As of today, there are teenagers in tennis again. Nineteen-year-old Nick Kyrgios, truly like a quasar, landed on Centre Court and burned up Rafael Nadal in the process. Genie Bouchard reached the semis in Australia at 19, and the final at Wimbledon at 20. This weekend, two even younger players, Ana Konjuh, 16, of Croatia, and Alexander Zverev, 17, of Germany, reached the semis at tour events in Istanbul and Hamburg, respectively. (I didn’t see any of Konjuh’s matches last week, so I’ll stick with Zverev here.)

I had only watched Zverev as a junior. He was ranked No. 1 at that level, but it’s never easy to tell how a young player’s game will translate until you see it with a real live pro on the other side of the net. Last year in Melbourne I had seen Kyrgios win the boys’ Aussie Open title; he was impressive, but I had no clue that he would be capable of beating Nadal at Wimbledon 18 months later.

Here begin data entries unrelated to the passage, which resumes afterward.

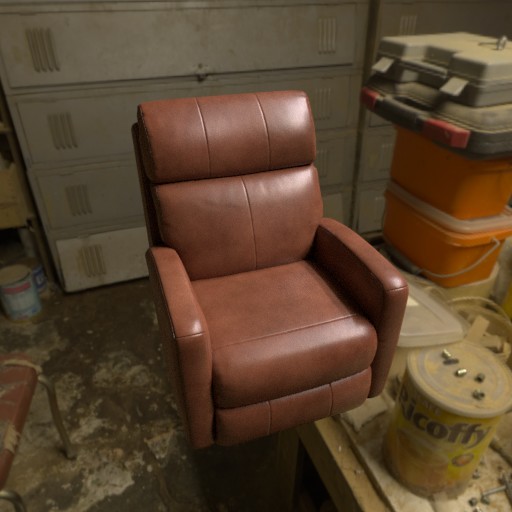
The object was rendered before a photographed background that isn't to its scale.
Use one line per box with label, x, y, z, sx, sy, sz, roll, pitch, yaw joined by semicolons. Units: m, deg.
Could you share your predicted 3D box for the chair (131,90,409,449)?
chair;0.000;0.000;1.673;0.787;1.016;0.939;-10;34;-16
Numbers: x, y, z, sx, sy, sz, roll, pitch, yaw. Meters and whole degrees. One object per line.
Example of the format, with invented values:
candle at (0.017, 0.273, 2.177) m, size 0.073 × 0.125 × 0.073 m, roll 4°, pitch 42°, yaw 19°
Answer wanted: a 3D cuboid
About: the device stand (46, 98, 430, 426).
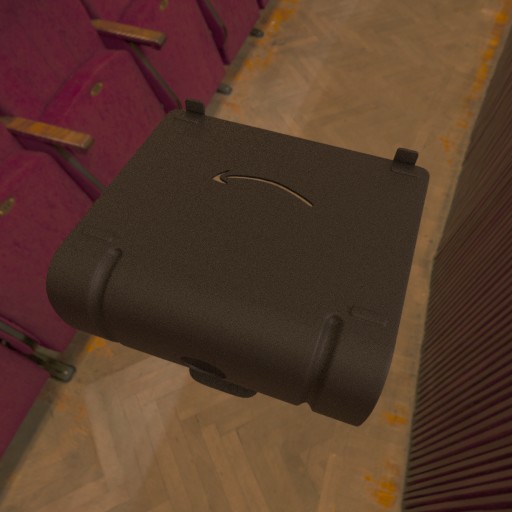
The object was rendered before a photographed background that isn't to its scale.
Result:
device stand at (0.000, 0.000, 0.401) m, size 0.256 × 0.155 × 0.236 m, roll 16°, pitch 59°, yaw 10°
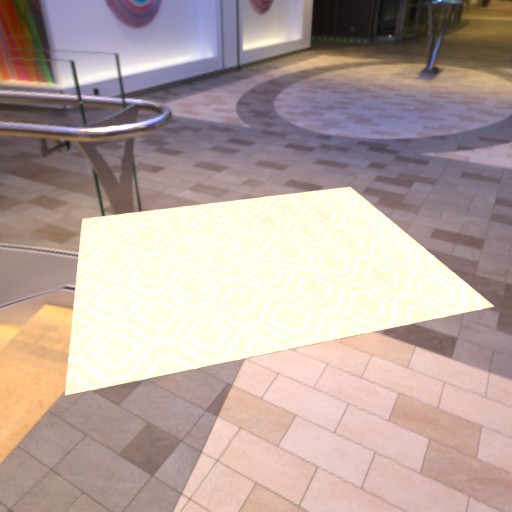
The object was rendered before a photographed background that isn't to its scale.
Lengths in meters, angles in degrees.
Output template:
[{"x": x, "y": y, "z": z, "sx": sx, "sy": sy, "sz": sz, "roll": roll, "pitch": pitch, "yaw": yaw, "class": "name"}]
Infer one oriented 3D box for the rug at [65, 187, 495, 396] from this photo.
[{"x": 0.000, "y": 0.000, "z": 3.763, "sx": 2.892, "sy": 0.006, "sz": 2.283, "roll": -9, "pitch": 33, "yaw": -14, "class": "rug"}]
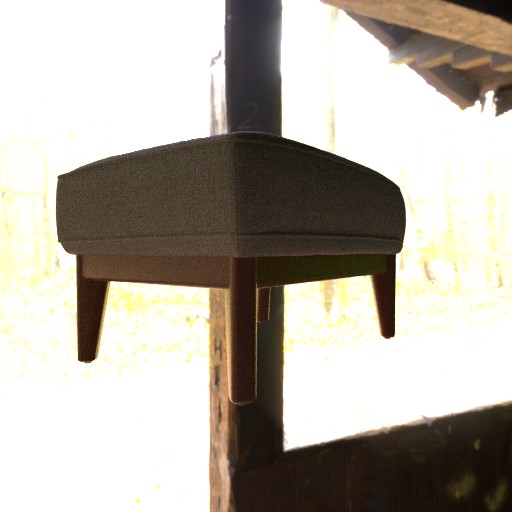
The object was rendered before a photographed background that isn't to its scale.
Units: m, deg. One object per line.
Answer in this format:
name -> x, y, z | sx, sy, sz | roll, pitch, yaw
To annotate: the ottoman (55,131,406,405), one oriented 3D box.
ottoman -> 0.000, 0.000, 1.084 | 0.555, 0.458, 0.750 | 1, 1, 37
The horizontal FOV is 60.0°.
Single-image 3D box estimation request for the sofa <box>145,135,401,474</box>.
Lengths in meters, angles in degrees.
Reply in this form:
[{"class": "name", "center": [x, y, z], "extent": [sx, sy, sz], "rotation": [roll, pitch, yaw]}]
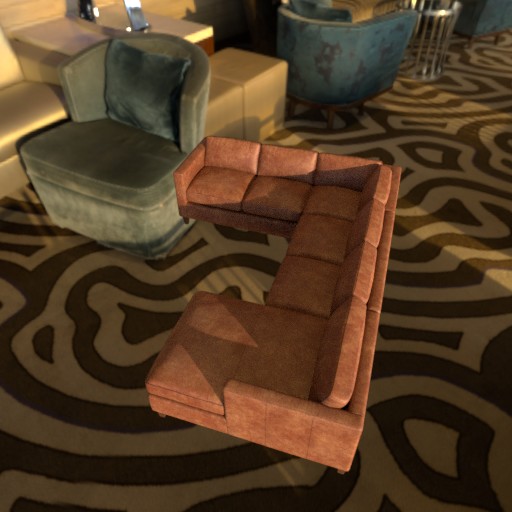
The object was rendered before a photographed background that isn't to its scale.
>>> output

Now we know what Zverev can do with a pro on the other side of the net. In reaching the semis in Hamburg, he became the first 17-year-old to make an ATP quarterfinal since Nadal in 2003. With his win over Mikhail Youzhny, he became the first 17-year-old to beat a Top 20 player in a decade. Ranked outside the Top 800 at the start of 2014, he’s up to No. 161 today.

On the plus side, Zverev is 6’4”, rangy, and moves well for his size. His most immediately notable shot is his full-cut two-handed backhand, which he wraps around his body. He goes down the line with it, à la Novak Djokovic, to open up rallies; at times it functions like another forehand for him. His serve isn’t a bomb yet, but the motion, like the rest of his game, looks fluid. One thing is certain: Zverev has tennis DNA. His parents are former players from the Soviet Union, and his brother, Mischa, is a 26-year-old ATP pro.

So there are teens on the scene again. Yet the old answer about the game being too physical for them has not been proven false. Zverev lost in the semis in Hamburg, 6-0, 6-1, to David Ferrer. 

“He looked a little bit tired,” Ferrer said afterward.